Data Protection and Backup

    Pull the BitLocker / FileVault compliance report from Intune or JAMF and confirm 100% coverage. Verify recovery keys are escrowed in Entra ID or JAMF — keys lost when the user leaves are unrecoverable.

    Run SSL Labs or testssl.sh against every public hostname. Flag any TLS 1.0/1.1, weak ciphers, or certs expiring within 60 days. ACME automation handles renewal but only for hosts you've onboarded.

    Restore a representative VM and a file-share dataset from the immutable copy (Veeam hardened repo, Datto cloud, or S3 object lock) into an isolated network. The 3-2-1 backup is only proven by an actual restore — green dashboards have lied for 18 months before.

    If the restore failed, escalate to Veeam / Datto / Rubrik support with the failed job ID and exported logs. Treat the backup chain as broken until the next successful drill.

    Pull SMB / SharePoint / Google Drive ACLs and reconcile against current role assignments. The 'Domain Users gets the project share' pattern from 5 years ago shows up here.

    Apply Microsoft Purview / Google DLP labels to PHI, PCI, and PII repositories and confirm DLP policies match. Required for HIPAA covered entities and any PCI scope.

Incident Response Readiness

    Reconcile PagerDuty / Opsgenie schedules against the IR plan's named roles (IC, comms lead, scribe, exec liaison). Departed staff in the runbook is the typical finding.

    Walk the IR team through a named scenario — file server encrypted, backups also hit, vendor under DDoS during recovery. Capture decision points where the runbook was unclear.

    Test the Signal / dedicated WhatsApp / SMS bridge for the IR team. If your primary comms is the same M365 tenant under attack, you have no comms during a tenant-wide compromise.
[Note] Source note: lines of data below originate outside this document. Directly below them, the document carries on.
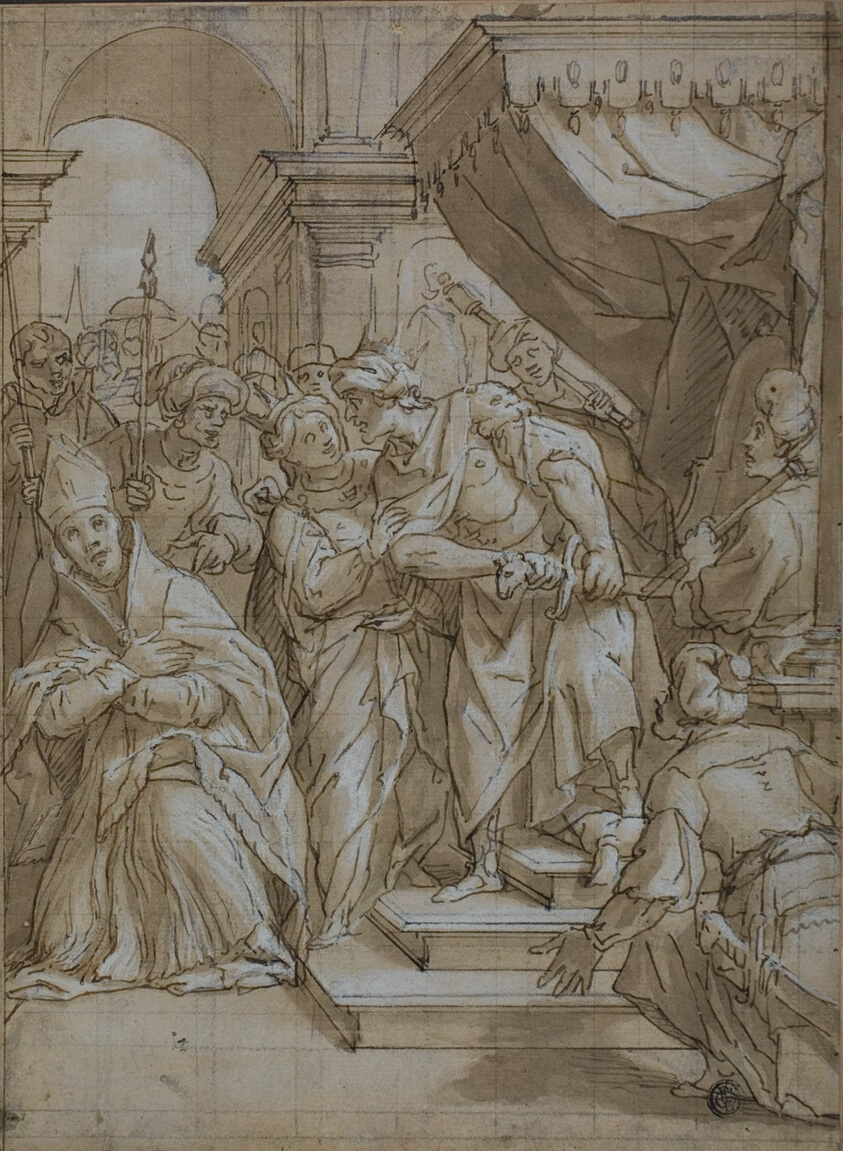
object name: Drawing and Watercolor
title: Queen Intervening to Spare the Life of a Bishop Saint
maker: Lazzaro Tavarone (Italian, 1556-1661)
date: c. 1634
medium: Pen and brown ink with brush and brown wash, heightened with lead white (partly discolored), on tan laid paper, squared in black chalk, laid down on ivory laid paper
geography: Italy
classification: ink with wash; drawings (visual works); prints and drawing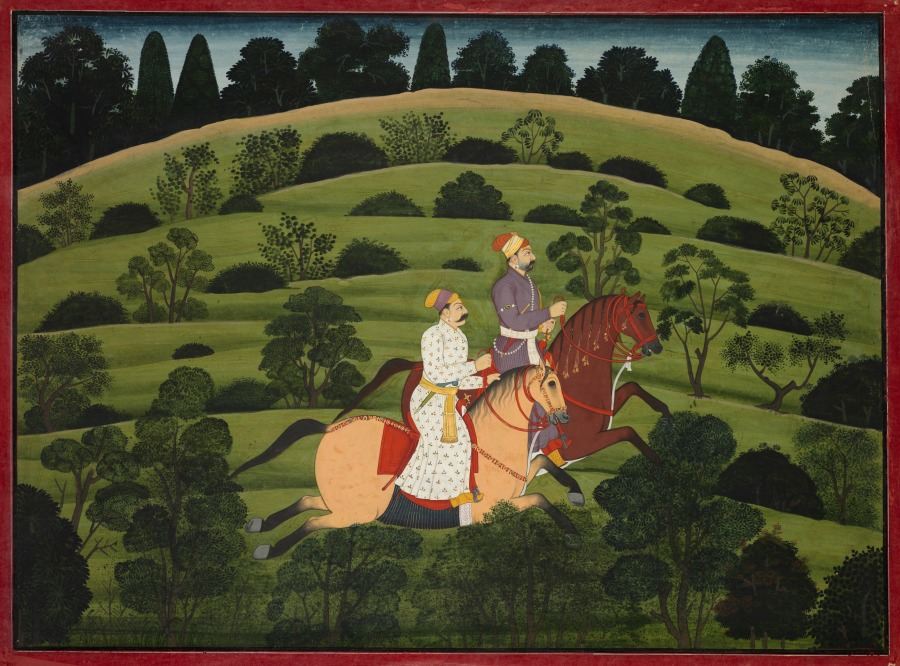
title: Akrura and Kritavarma flee Dvaraka, page from the "Large Basohli Bhagavata Purana"
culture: Northern India, Pahari kingdoms
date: c. 1760–65
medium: Gum tempera and ink on paper
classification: Painting
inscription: akrūraḥ kṛtavarmā ca śkatvā śatadhanurvadhaṃ || gūṣatur bhayavitrastau dvārakāyāḥ ||
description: Two warriors flee from Krishna’s capital city on horseback in a scene that takes place late in the life of Krishna. They were responsible for the death of Krishna’s father-in-law, King Satrajit. Furthermore, one of them is carrying the infamous Syamantaka jewel, stolen from King Satrajit. This magical jewel, a gift from the sun god, has the power to produce 170 pounds of gold every day. They are afraid of Krishna’s wrath.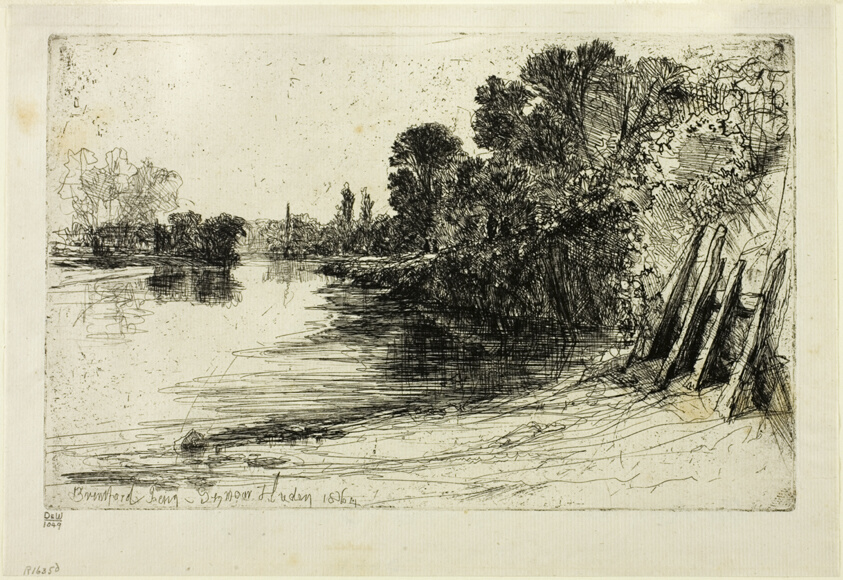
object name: Print
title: Brentford Ferry
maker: Francis Seymour Haden (English, 1818-1910)
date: 1864
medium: Etching with drypoint on cream laid paper
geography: England
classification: etching; print; prints and drawing

    Reconcile ServiceNow / Hudu / IT Glue asset records with current business criticality tiers. Drives recovery prioritization during a multi-system incident.

    For each gap surfaced in the tabletop, add a named runbook step or contact, version the document, and circulate to the IR team. Gaps not written down are gaps that recur.

Monitoring and SIEM Hygiene

    Confirm Splunk / Sentinel / Elastic is receiving events from DCs, firewalls, EDR (CrowdStrike / SentinelOne), M365 unified audit, and SaaS apps. A silent source for 30 days means the dashboard is wrong.

    Pull the top 10 noisiest rules and the alerts the SOC closed as benign. Tune thresholds, add allow-lists for known scanners, and retire rules that haven't fired a true positive in 12 months.

    Reconcile retention windows against the binding standards (PCI: 1 year hot + accessible, HIPAA: 6 years, SOC 2: per policy). Cold-storage tier is fine; deleted is not.

    Confirm S3 Object Lock or Azure Blob immutability is set on the log archive bucket and that the SIEM service account cannot delete. Ransomware that erases logs erases your investigation.

    Walk the security lead through the rolling weekly anomaly digest — impossible-travel logins, after-hours admin actions, mass-download events. Patterns at quarterly cadence catch slow-burn compromise that weekly review misses.